**EXERCISE INSTRUCTIONS**
Return, from the listing below, every line that includes "width".

Content starts

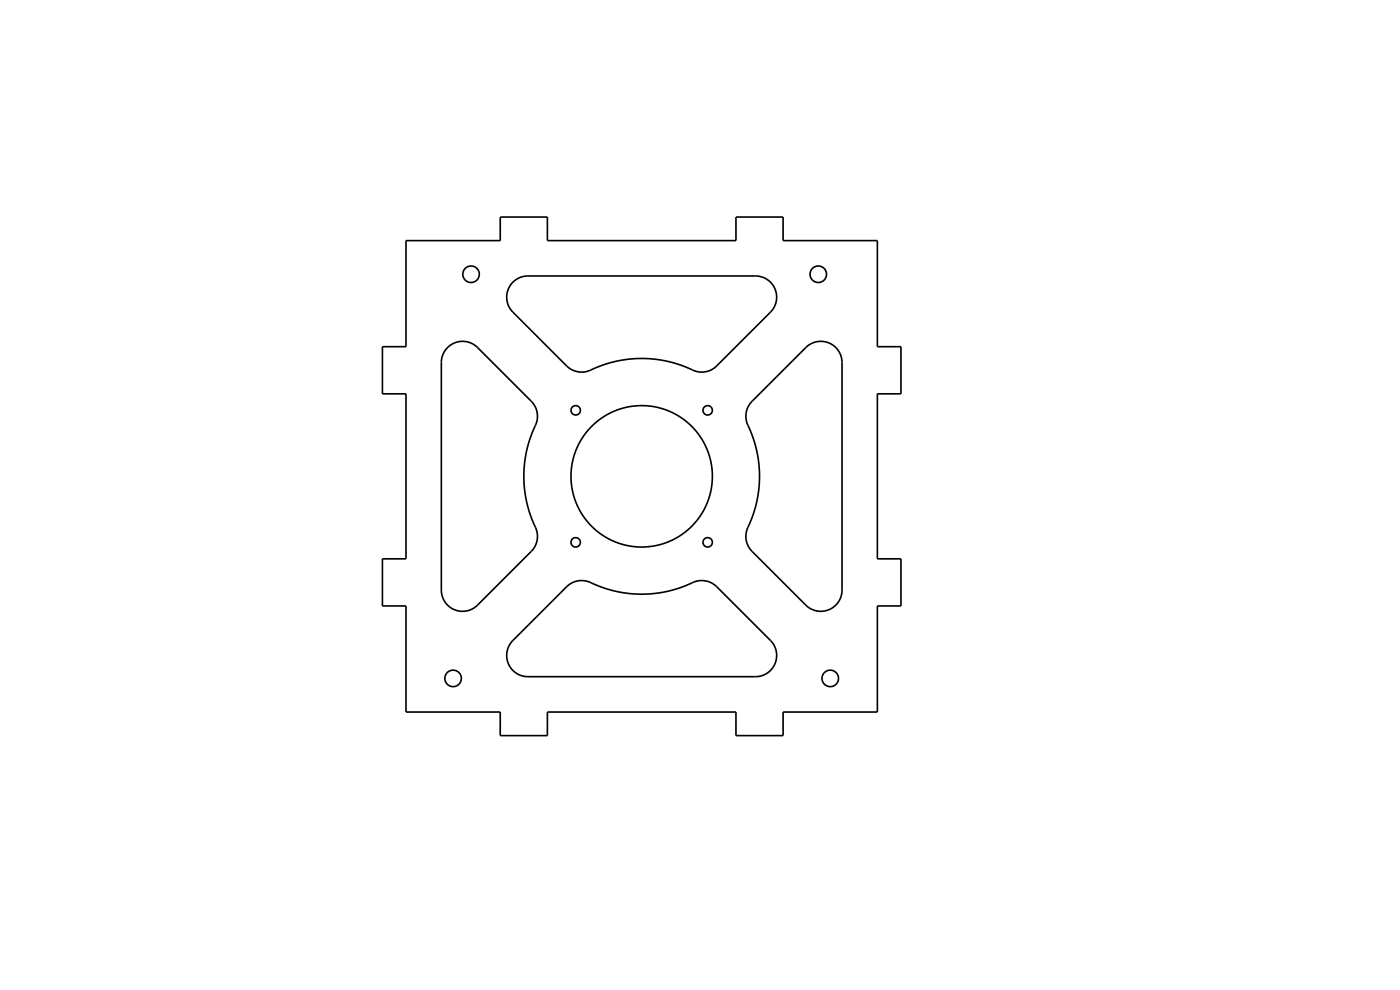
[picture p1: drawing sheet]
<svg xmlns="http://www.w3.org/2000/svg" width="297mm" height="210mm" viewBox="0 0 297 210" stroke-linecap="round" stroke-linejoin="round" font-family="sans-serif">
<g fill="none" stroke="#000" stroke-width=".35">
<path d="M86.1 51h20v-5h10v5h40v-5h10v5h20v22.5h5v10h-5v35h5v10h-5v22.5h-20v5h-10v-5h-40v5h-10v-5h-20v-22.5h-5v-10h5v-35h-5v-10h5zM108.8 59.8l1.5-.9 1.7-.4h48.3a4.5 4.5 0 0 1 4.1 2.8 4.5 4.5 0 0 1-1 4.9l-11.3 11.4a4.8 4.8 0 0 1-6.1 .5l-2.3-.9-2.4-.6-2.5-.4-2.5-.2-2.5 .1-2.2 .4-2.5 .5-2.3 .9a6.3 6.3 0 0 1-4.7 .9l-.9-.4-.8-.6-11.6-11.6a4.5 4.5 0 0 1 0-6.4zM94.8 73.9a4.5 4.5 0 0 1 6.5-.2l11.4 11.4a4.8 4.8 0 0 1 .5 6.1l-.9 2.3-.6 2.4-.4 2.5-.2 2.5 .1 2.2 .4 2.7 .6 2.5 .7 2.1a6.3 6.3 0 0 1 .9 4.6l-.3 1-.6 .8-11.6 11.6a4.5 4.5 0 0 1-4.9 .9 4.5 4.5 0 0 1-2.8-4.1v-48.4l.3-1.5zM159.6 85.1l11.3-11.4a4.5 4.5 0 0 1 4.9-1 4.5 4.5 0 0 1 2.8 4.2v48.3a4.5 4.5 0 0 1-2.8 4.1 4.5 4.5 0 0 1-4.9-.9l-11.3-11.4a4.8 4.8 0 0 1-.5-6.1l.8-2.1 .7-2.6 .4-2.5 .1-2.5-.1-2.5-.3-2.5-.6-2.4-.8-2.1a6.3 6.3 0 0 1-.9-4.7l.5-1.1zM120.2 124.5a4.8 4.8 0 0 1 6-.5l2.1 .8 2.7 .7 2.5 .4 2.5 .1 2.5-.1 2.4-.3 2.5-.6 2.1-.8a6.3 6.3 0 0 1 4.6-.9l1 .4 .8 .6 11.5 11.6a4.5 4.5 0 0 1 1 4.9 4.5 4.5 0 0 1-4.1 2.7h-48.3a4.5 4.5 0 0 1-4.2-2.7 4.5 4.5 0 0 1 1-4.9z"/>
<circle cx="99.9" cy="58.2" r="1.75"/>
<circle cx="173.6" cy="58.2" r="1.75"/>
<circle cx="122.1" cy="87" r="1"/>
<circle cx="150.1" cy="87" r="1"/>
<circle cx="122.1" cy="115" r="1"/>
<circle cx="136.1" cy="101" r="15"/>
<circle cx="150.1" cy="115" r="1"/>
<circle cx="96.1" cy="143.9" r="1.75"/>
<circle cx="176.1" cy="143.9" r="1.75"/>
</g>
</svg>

Content ends

**REPLY TO THE TASK**
<svg xmlns="http://www.w3.org/2000/svg" width="297mm" height="210mm" viewBox="0 0 297 210" stroke-linecap="round" stroke-linejoin="round" font-family="sans-serif">
<g fill="none" stroke="#000" stroke-width=".35">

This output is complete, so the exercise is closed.